Assignment | Exactly the lines from the one holding "- knife (390, 961, 923, 1365)" through the final line of the data are wanted, copied as written.

Information |
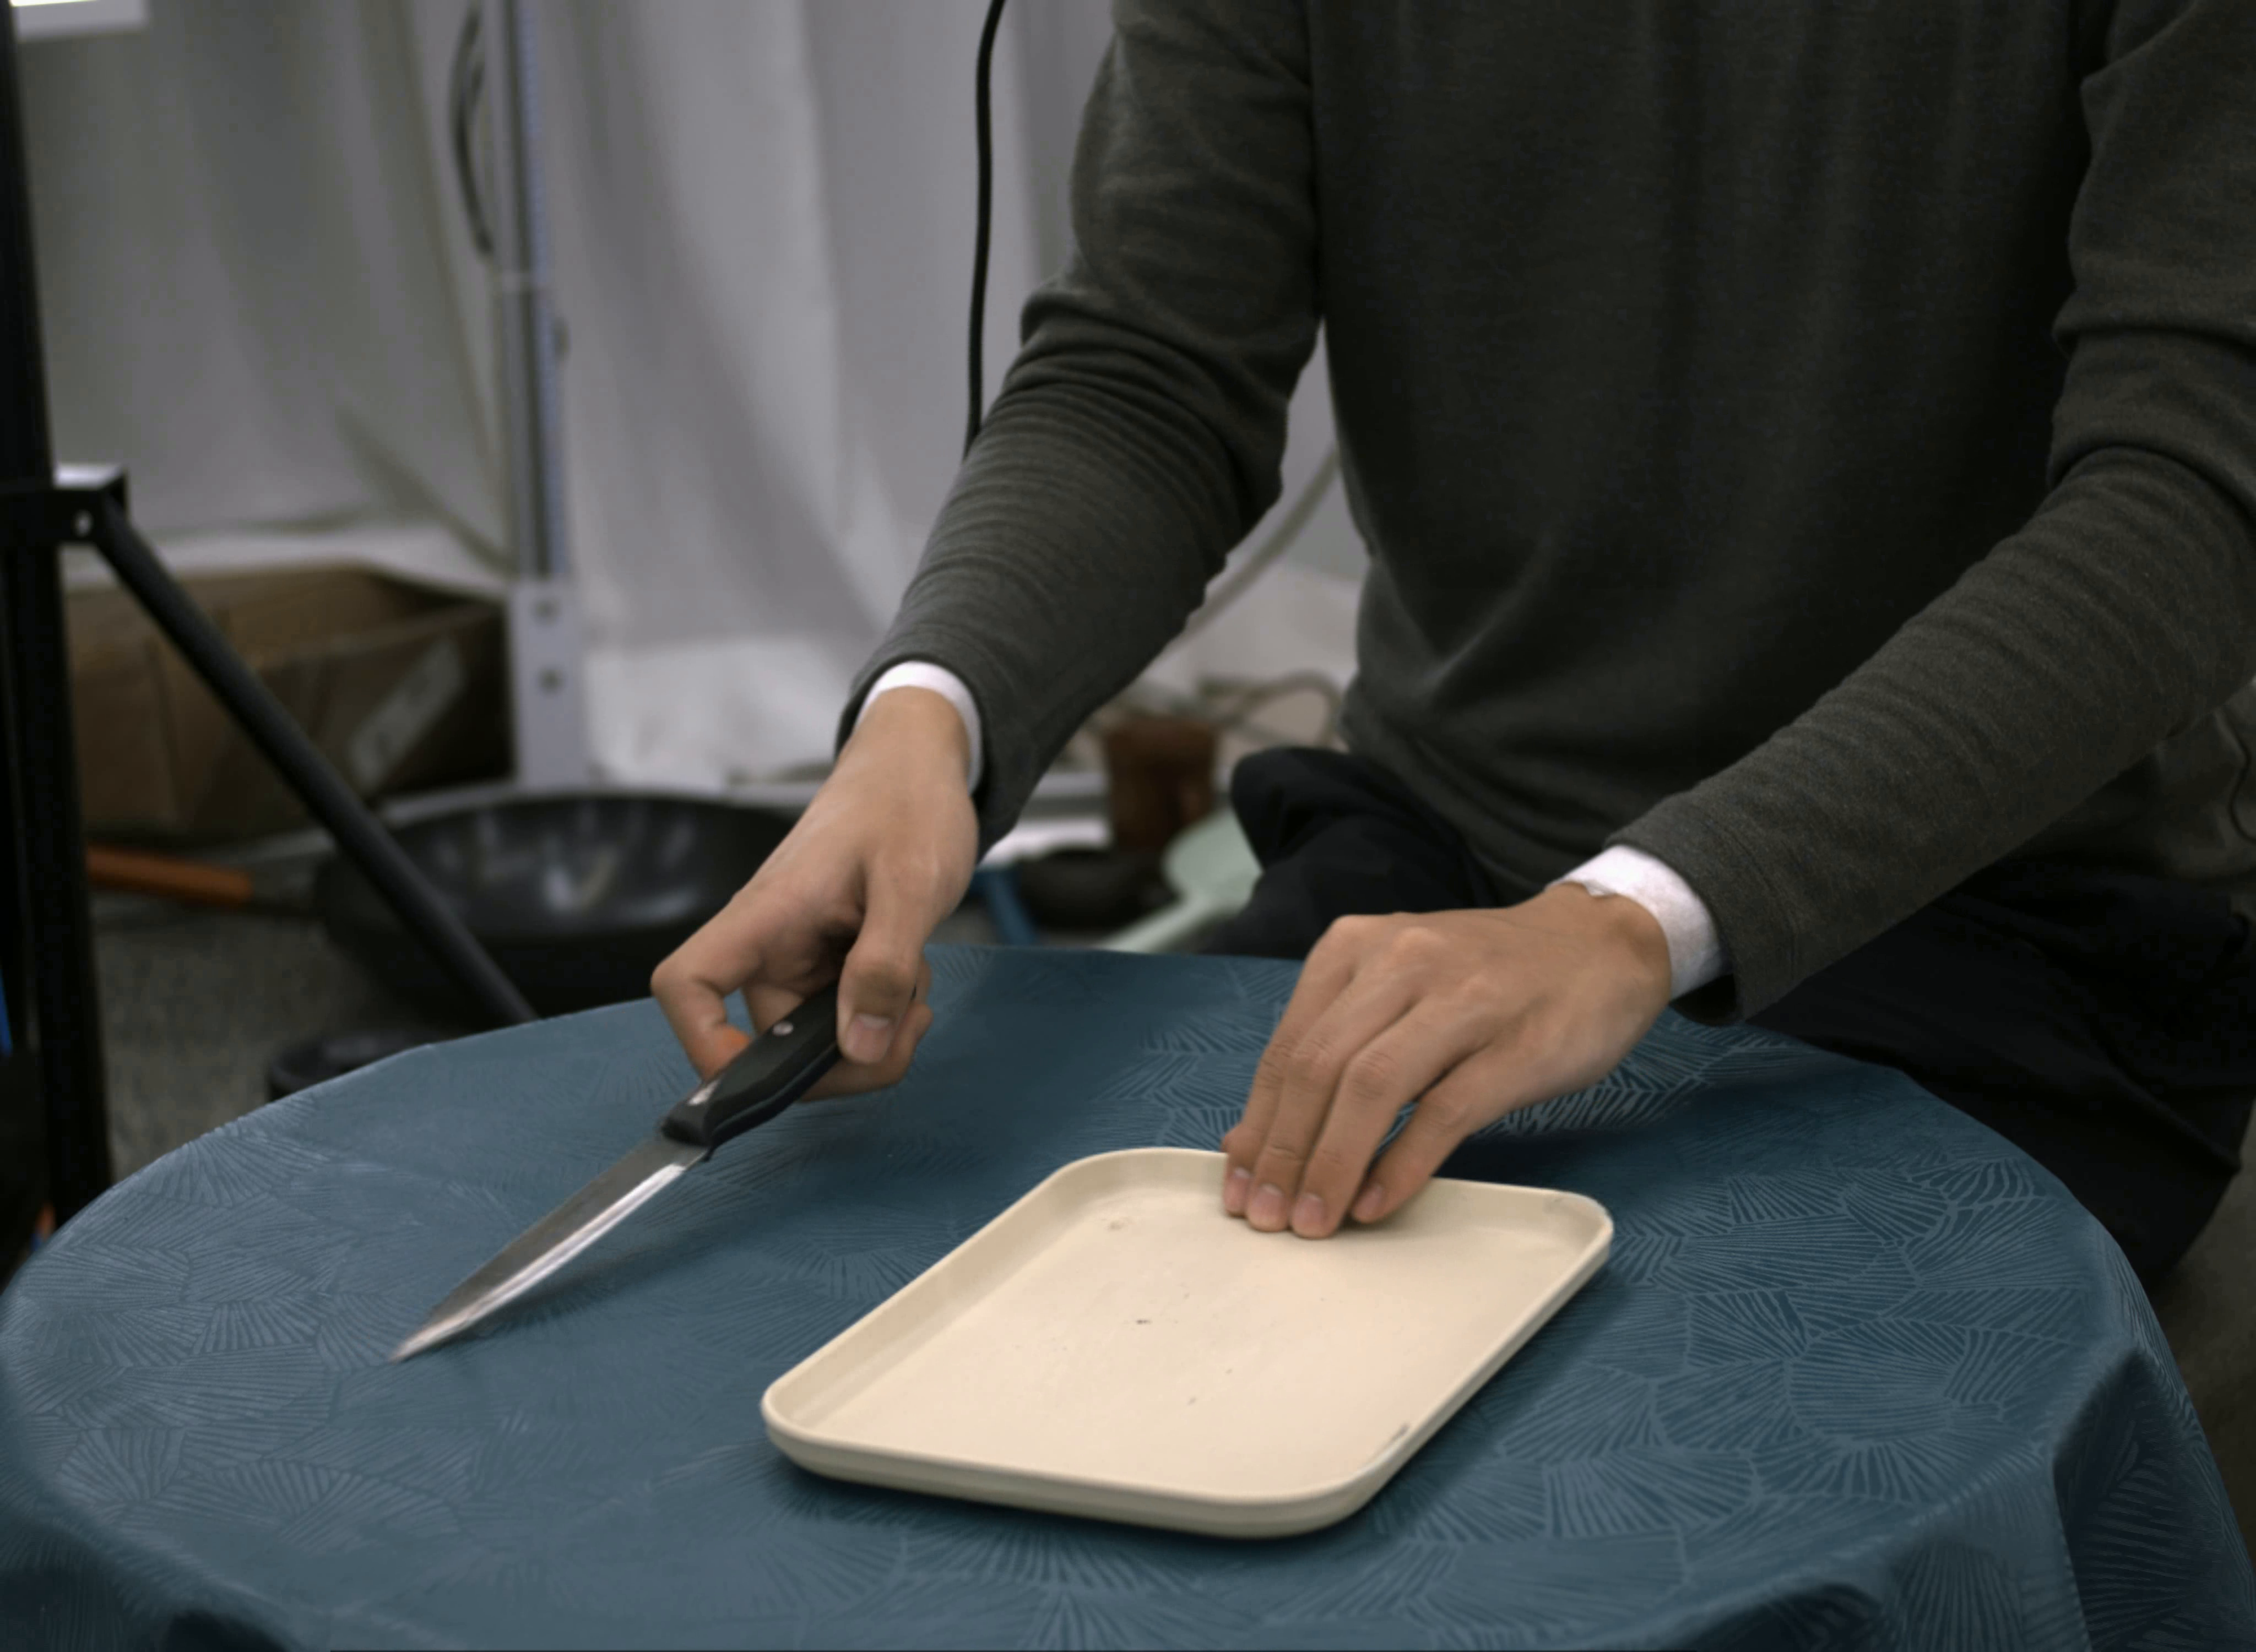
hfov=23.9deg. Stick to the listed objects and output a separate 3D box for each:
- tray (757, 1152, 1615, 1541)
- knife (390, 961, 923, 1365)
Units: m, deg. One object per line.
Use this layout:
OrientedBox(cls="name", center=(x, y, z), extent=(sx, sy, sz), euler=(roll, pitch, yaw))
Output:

Result for this exercise |
- knife (390, 961, 923, 1365)
Units: m, deg. One object per line.
Use this layout:
OrientedBox(cls="name", center=(x, y, z), extent=(sx, sy, sz), euler=(roll, pitch, yaw))
Output:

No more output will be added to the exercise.